Publishers and children, like the rest of the world, are always in search of the perfect ending. For them, these blends of text and illustration, all published during 1980, seem destined to live happily ever after:
∙The Unique World of Mitsumasa Anno: Selected Works (1968 to 1977); Philomel Books; $19.95. Visual puns, puzzles, games and tricks by the Escher of Japan.
∙Fables by Arnold Lobel; Harper & Row; $8.95. A superstar of the genre continues the work of the fabulous Aesop.
∙Gorky Rises by William Steig; Farrar, Straus and Giroux; $10.95. As a frog learns to fly he gives lessons in pure delight.
-Dogs and Dragons, Trees and Dreams by Karla Kuskin; Harper & Row; $8.95. A sparkling poet introduces the astonishments and rewards of reading and writing verse.
∙Unbuilding by David Macaulay; Houghton Mifflin Co.; $9.95. An architect shows how a skyscraper—the Empire State Building—is dismantled floor by floor. Smashing.
∙The Heavenly Zoo by Alison Lurie; pictures by Monika Beisner; Farrar, Straus and Giroux; $9.95. The story of the constellations, told by a novelist who never looks down at her subject or on her audience.
∙Peter and the Wolf; illustrated by Erna Voigt; David R. Godine; $10. Prokofiev’s merry tale sans music but accompanied by glowing comic illustrations.
∙An Artist by M.B. Goffstein; Harper & Row; $7.95. A sly introduction to art through the life of a little painter who looks very much like Monet.

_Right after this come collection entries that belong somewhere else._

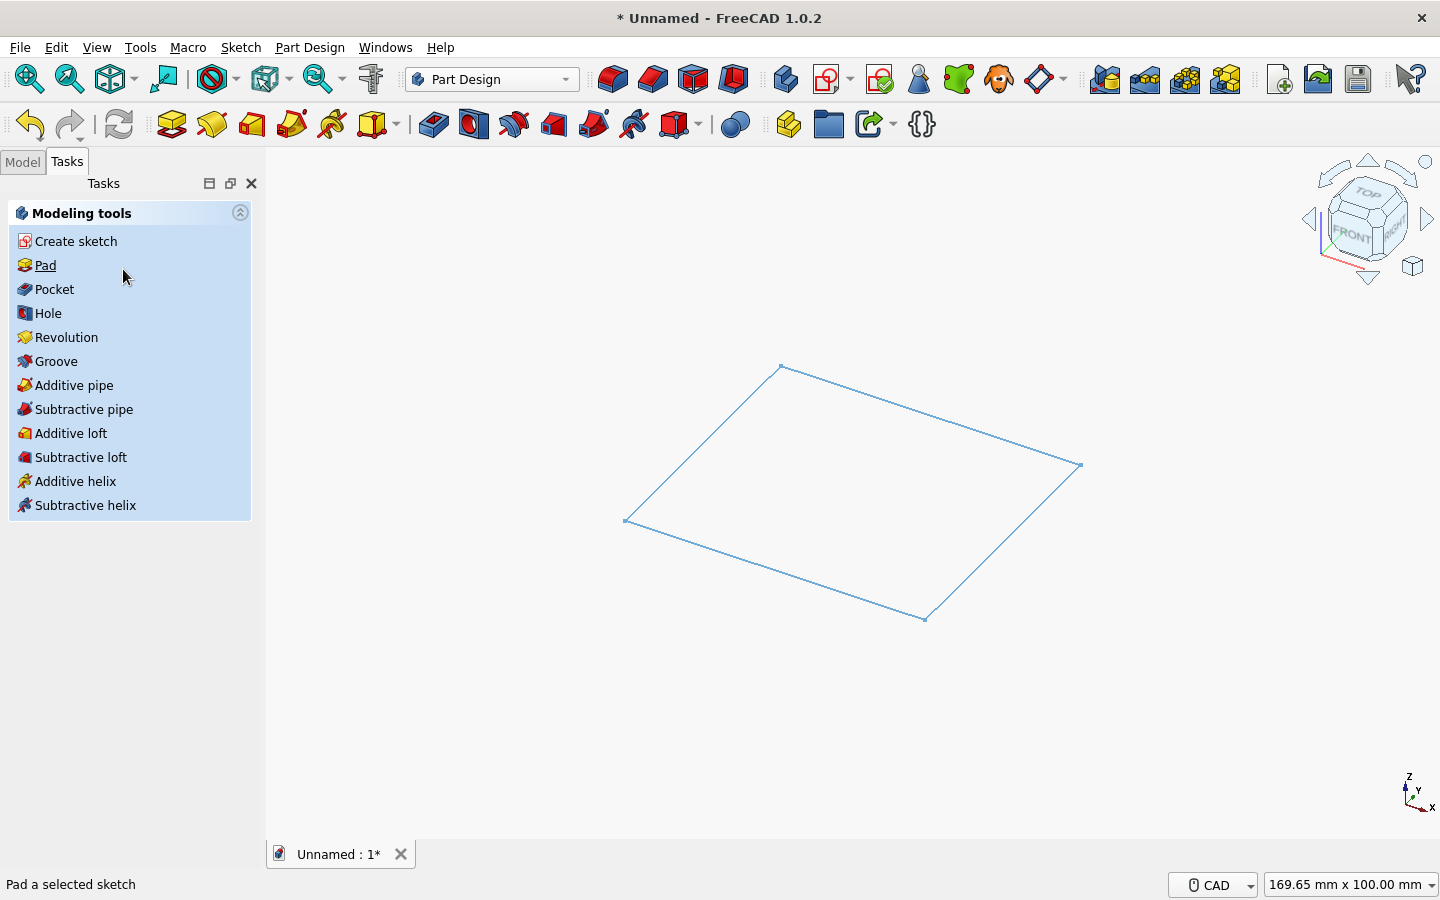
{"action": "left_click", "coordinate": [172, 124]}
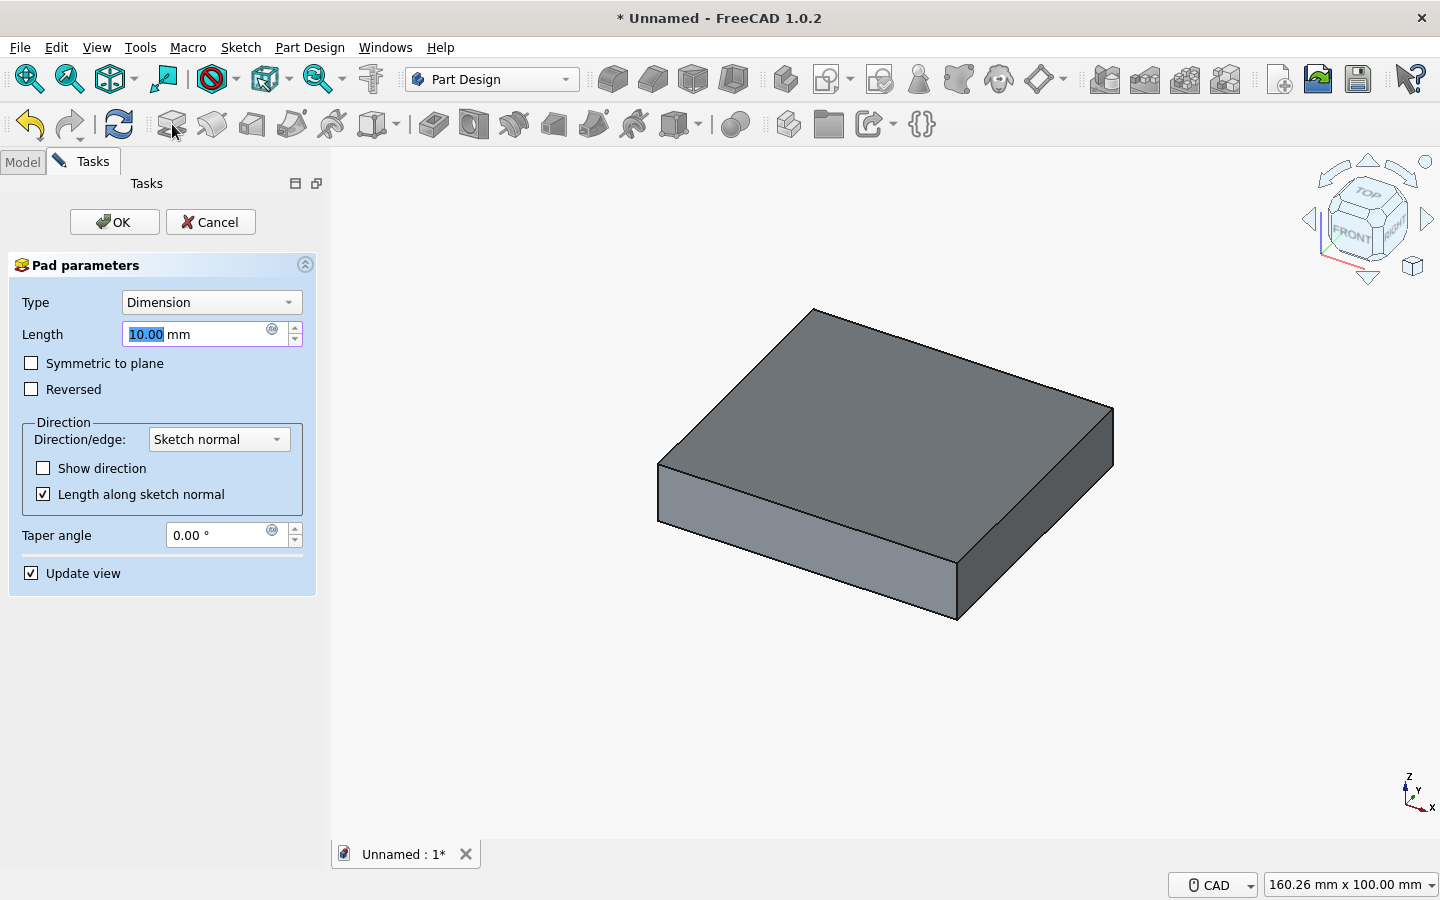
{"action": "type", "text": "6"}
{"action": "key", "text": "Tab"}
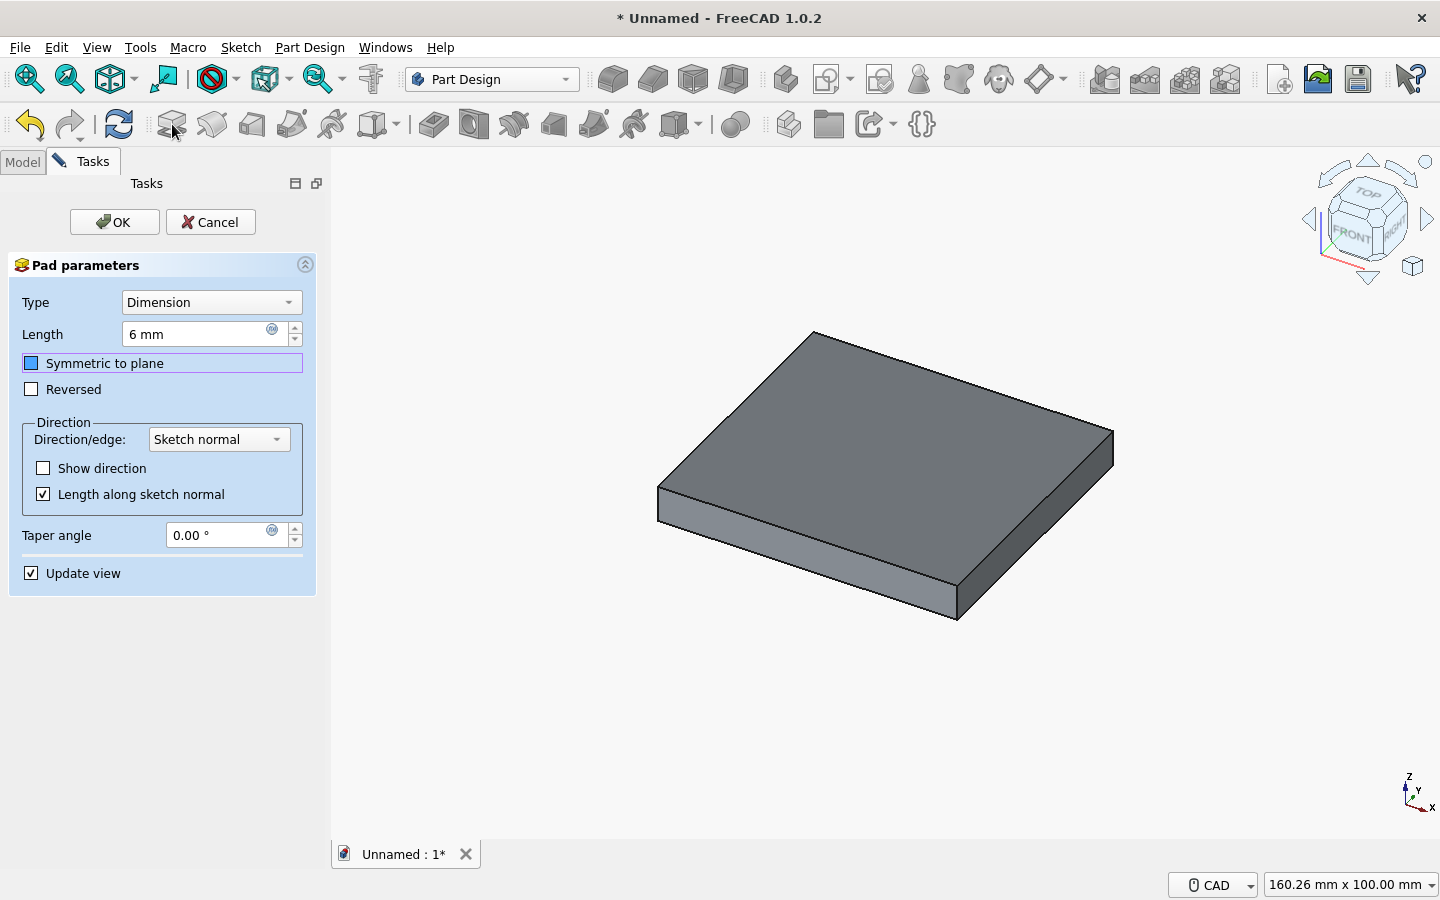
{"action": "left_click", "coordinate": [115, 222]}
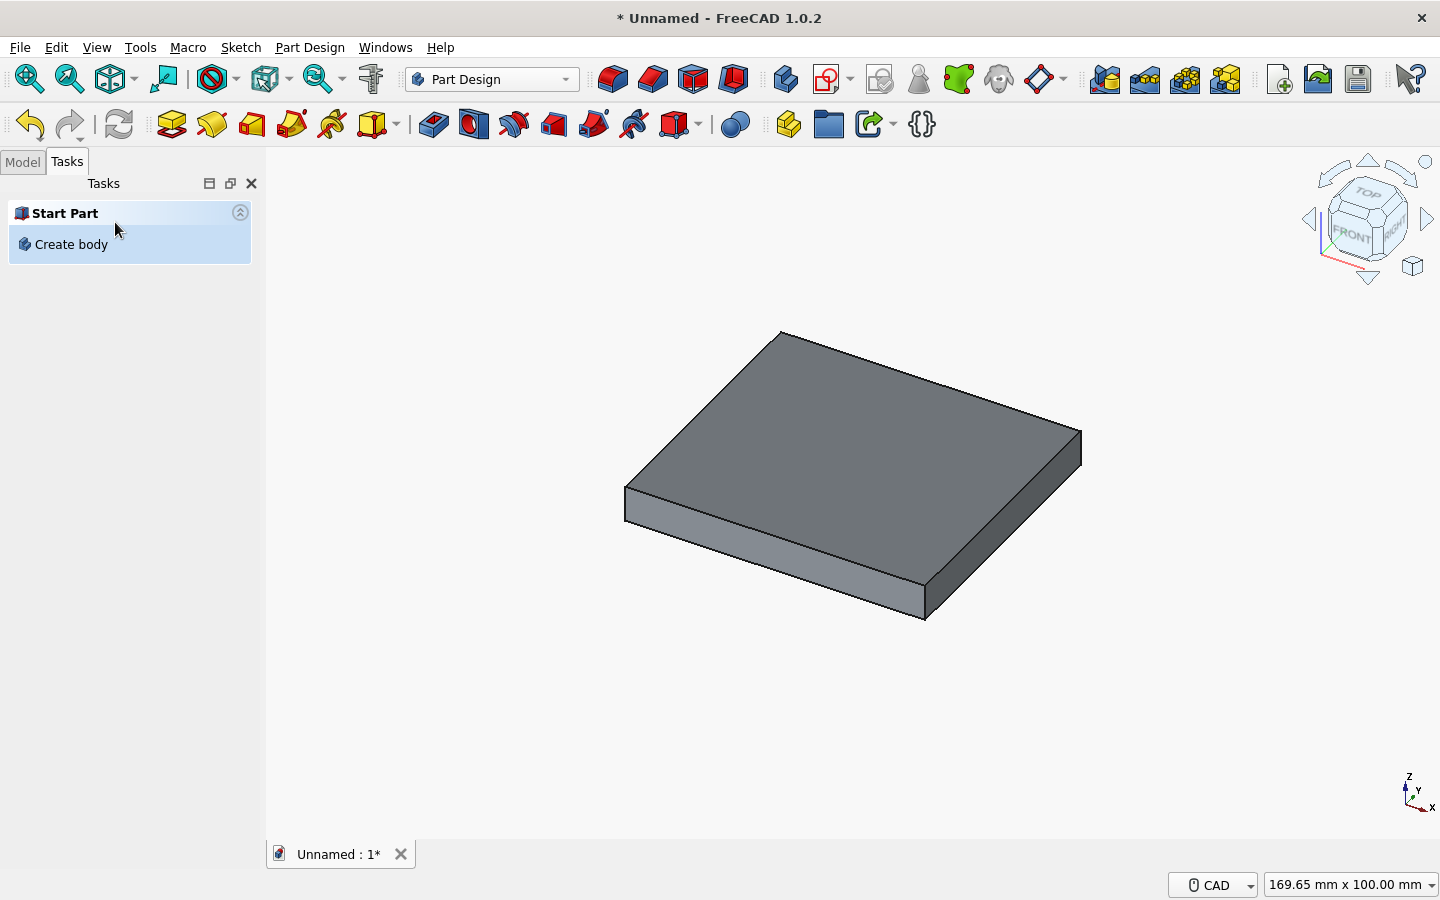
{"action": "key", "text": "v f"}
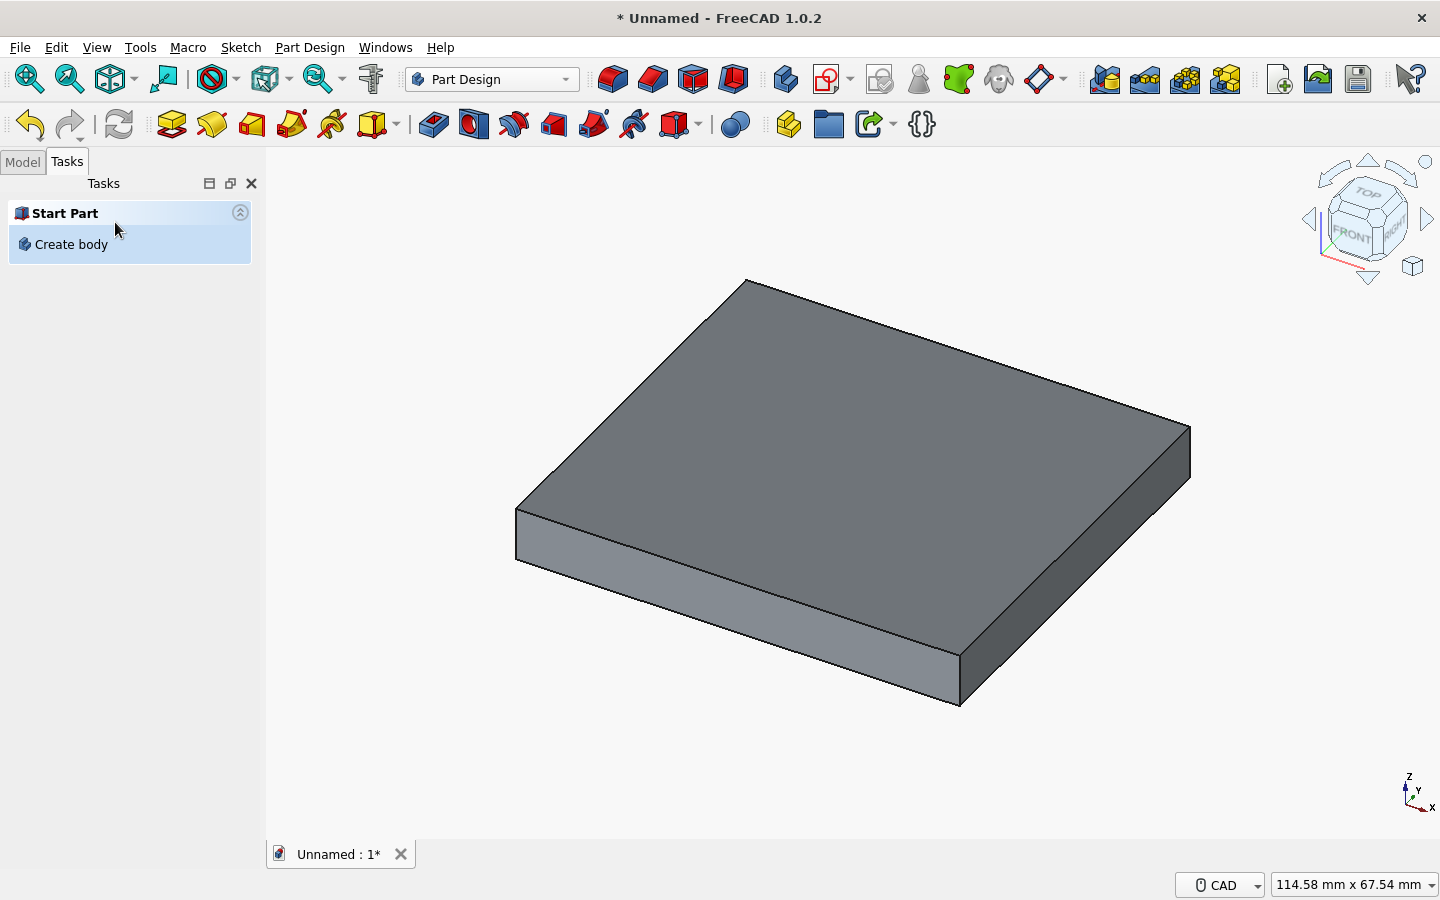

∙The Children’s Picture Book by Ernest Nister; Delacorte Press; $6.95. Reproduction of an 1896 pop-up book, featuring a cat academy, a duck militia and a three-dimensional supporting cast.
∙A Child’s Christmas in Wales by Dylan Thomas; illustrated by Edward Ardizzone; David R. Godine; $10.95. Two masters re-create a vanished world of Christmas Day in a small Welsh town.